Task to complete: Count the lines below that contain the word "object", and give only that number.

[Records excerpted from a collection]
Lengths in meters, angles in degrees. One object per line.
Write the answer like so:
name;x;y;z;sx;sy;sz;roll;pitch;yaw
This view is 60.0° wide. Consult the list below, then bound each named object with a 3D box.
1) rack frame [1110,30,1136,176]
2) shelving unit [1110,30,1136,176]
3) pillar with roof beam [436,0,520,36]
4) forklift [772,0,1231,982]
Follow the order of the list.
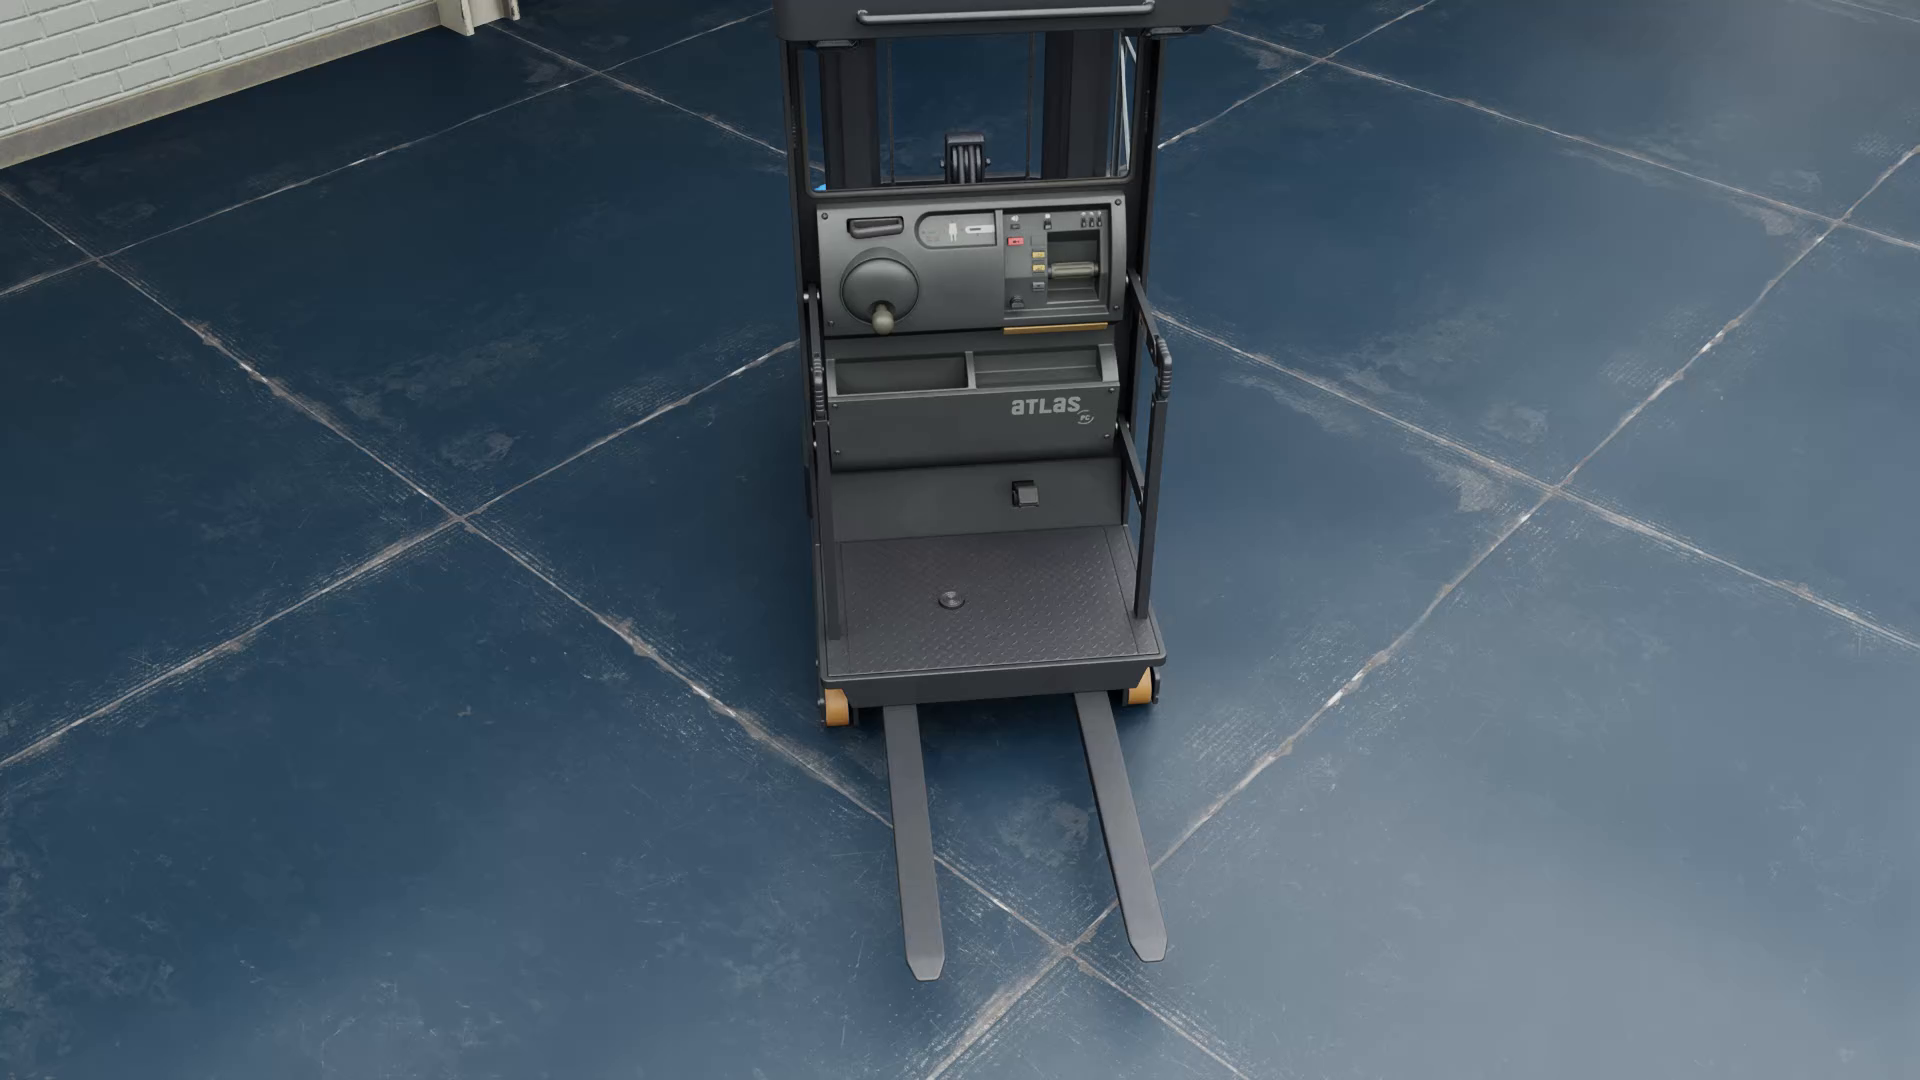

Answer below: 2